▶ _Task requirements_: The complete data, repeated exactly, should form your response.

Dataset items
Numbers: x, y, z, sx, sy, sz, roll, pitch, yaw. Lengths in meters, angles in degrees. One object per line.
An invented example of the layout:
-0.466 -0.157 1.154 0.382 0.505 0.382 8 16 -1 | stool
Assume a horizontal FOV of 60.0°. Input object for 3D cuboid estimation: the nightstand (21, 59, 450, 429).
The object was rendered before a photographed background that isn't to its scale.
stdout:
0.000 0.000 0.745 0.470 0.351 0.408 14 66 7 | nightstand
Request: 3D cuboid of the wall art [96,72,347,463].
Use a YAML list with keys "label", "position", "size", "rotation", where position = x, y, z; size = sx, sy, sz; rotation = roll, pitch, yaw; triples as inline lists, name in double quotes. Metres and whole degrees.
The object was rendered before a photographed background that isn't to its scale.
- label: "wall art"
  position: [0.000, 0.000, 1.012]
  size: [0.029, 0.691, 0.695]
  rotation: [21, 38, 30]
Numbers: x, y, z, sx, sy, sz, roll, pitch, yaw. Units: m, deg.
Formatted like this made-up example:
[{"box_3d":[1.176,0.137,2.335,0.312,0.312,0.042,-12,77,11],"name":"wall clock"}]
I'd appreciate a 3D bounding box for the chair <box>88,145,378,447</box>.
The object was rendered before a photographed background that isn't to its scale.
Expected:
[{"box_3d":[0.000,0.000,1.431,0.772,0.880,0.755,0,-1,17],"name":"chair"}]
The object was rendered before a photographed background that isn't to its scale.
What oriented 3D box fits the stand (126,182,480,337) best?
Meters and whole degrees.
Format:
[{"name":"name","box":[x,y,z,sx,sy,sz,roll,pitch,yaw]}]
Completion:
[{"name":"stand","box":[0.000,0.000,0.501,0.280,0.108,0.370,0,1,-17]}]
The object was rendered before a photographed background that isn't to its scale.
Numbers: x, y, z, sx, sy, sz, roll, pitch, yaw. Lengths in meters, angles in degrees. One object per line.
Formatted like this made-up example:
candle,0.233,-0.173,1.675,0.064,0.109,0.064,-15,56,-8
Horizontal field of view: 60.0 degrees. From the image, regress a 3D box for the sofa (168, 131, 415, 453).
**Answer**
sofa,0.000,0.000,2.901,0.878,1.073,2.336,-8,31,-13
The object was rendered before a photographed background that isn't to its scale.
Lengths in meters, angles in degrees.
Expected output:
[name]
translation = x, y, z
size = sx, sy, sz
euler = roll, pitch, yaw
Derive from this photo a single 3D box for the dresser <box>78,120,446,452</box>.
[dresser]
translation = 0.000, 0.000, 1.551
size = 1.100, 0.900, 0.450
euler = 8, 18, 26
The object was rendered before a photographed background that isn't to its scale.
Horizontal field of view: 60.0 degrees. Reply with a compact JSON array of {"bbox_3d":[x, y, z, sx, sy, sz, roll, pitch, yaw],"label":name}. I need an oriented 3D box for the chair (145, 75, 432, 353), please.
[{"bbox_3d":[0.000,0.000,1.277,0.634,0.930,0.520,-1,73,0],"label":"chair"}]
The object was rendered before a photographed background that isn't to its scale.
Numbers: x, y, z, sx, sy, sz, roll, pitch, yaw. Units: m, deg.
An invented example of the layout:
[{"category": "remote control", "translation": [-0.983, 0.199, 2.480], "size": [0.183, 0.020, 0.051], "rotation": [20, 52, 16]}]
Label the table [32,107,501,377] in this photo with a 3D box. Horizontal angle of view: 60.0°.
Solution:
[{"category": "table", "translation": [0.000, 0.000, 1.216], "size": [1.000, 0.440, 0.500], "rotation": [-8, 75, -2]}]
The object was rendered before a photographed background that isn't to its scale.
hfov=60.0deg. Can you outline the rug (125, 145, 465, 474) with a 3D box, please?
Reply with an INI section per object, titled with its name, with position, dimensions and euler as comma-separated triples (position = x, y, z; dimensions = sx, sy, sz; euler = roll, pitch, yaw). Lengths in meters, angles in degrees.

▶ _Solution below_:
Numbers: x, y, z, sx, sy, sz, roll, pitch, yaw. Lengths in meters, angles in degrees. One object per line.
An invented example of the layout:
-0.466 -0.157 1.154 0.382 0.505 0.382 8 16 -1 | stool
Assume a horizontal FOV of 60.0°. Input object for 3D cuboid estimation: the nightstand (21, 59, 450, 429).
The object was rendered before a photographed background that isn't to its scale.
stdout:
0.000 0.000 0.745 0.470 0.351 0.408 14 66 7 | nightstand
Request: 3D cuboid of the wall art [96,72,347,463].
Use a YAML list with keys "label", "position", "size", "rotation", where position = x, y, z; size = sx, sy, sz; rotation = roll, pitch, yaw; triples as inline lists, name in double quotes. Metres and whole degrees.
The object was rendered before a photographed background that isn't to its scale.
- label: "wall art"
  position: [0.000, 0.000, 1.012]
  size: [0.029, 0.691, 0.695]
  rotation: [21, 38, 30]
Numbers: x, y, z, sx, sy, sz, roll, pitch, yaw. Units: m, deg.
Formatted like this made-up example:
[{"box_3d":[1.176,0.137,2.335,0.312,0.312,0.042,-12,77,11],"name":"wall clock"}]
I'd appreciate a 3D bounding box for the chair <box>88,145,378,447</box>.
The object was rendered before a photographed background that isn't to its scale.
Expected:
[{"box_3d":[0.000,0.000,1.431,0.772,0.880,0.755,0,-1,17],"name":"chair"}]
The object was rendered before a photographed background that isn't to its scale.
What oriented 3D box fits the stand (126,182,480,337) best?
Meters and whole degrees.
Format:
[{"name":"name","box":[x,y,z,sx,sy,sz,roll,pitch,yaw]}]
Completion:
[{"name":"stand","box":[0.000,0.000,0.501,0.280,0.108,0.370,0,1,-17]}]
The object was rendered before a photographed background that isn't to its scale.
Numbers: x, y, z, sx, sy, sz, roll, pitch, yaw. Lengths in meters, angles in degrees. One object per line.
Formatted like this made-up example:
candle,0.233,-0.173,1.675,0.064,0.109,0.064,-15,56,-8
Horizontal field of view: 60.0 degrees. From the image, regress a 3D box for the sofa (168, 131, 415, 453).
**Answer**
sofa,0.000,0.000,2.901,0.878,1.073,2.336,-8,31,-13
The object was rendered before a photographed background that isn't to its scale.
Lengths in meters, angles in degrees.
Expected output:
[name]
translation = x, y, z
size = sx, sy, sz
euler = roll, pitch, yaw
Derive from this photo a single 3D box for the dresser <box>78,120,446,452</box>.
[dresser]
translation = 0.000, 0.000, 1.551
size = 1.100, 0.900, 0.450
euler = 8, 18, 26
The object was rendered before a photographed background that isn't to its scale.
Horizontal field of view: 60.0 degrees. Reply with a compact JSON array of {"bbox_3d":[x, y, z, sx, sy, sz, roll, pitch, yaw],"label":name}. I need an oriented 3D box for the chair (145, 75, 432, 353), please.
[{"bbox_3d":[0.000,0.000,1.277,0.634,0.930,0.520,-1,73,0],"label":"chair"}]
The object was rendered before a photographed background that isn't to its scale.
Numbers: x, y, z, sx, sy, sz, roll, pitch, yaw. Units: m, deg.
An invented example of the layout:
[{"category": "remote control", "translation": [-0.983, 0.199, 2.480], "size": [0.183, 0.020, 0.051], "rotation": [20, 52, 16]}]
Label the table [32,107,501,377] in this photo with a 3D box. Horizontal angle of view: 60.0°.
Solution:
[{"category": "table", "translation": [0.000, 0.000, 1.216], "size": [1.000, 0.440, 0.500], "rotation": [-8, 75, -2]}]
The object was rendered before a photographed background that isn't to its scale.
hfov=60.0deg. Can you outline the rug (125, 145, 465, 474) with a 3D box, please?
Reply with an INI section per object, titled with its name, with position, dimensions and euler as comma-separated triples (position = x, y, z; dimensions = sx, sy, sz; euler = roll, pitch, yaw). Lengths in meters, angles in degrees.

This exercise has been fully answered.